Marine Attack Squadron 123 (VMA-123) was a fighter squadron of the United States Marine Corps during World War II and later transitioned to an attack squadron in the Marine Forces Reserve. Known as the "Flying Eight Balls," the squadron fought at Guadalcanal, Iwo Jima, and Okinawa and served as a training squadron for replacement pilots during the Korean War. The squadron was decommissioned on 31 October 1965 at Naval Air Station Los Alamitos.
==History==
===World War II===
VMF-123 was commissioned on 7 September 1942 at Camp Kearney. The squadron took delivery of 18 Grumman F4F Wildcats in December of that year. A large percentage of the squadron’s initial pilots came from the experienced VMF-121 hoping it would require them less time to become combat ready. The squadron embarked upon the and departed the United States on 8 January 1943. They arrived at Noumea on 22 January, where they transferred to the . Arriving at Efate on 26 January, they eventually boarded DC-3s flying for Espiritu Santo on 2 February. The squadron arrived at Henderson Field on Guadalcanal on 3 February 1943 and flew their first combat mission the following day. Because they were the last of the Marine fighter squadrons to arrive in the Solomon Islands, VMF-123 was the last of these eight squadrons to transition from the Grumman F4F Wildcat to the Vought F4U Corsair.
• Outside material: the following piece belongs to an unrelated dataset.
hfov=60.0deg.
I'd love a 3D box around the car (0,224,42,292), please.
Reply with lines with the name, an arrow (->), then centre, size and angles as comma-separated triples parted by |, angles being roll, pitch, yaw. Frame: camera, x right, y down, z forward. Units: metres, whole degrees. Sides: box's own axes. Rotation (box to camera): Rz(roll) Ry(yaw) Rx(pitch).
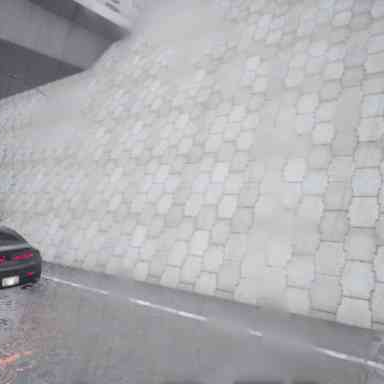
car -> -5.514, 1.493, 7.926 | 4.892, 1.490, 1.837 | 0, 0, 36

In August 1943, the squadron moved to the new field at Munda in the Central Solomon Islands and flew their first mission from there on 14 August 1943. Their arrival on Munda coincided with the landings on Vella Lavella which were constantly under attack from Japanese aircraft based on Bougainville. VMF-123 was one of many squadrons that fought Japanese aircraft for control of the skies over Vella Lavella. The squadron was split up in September 1943 with half remaining on Munda and the other half moving to a field in the Russell Islands. Their last mission in the South Pacific was flown in November 1943 and the squadron returned to the United States on 14 December 1943.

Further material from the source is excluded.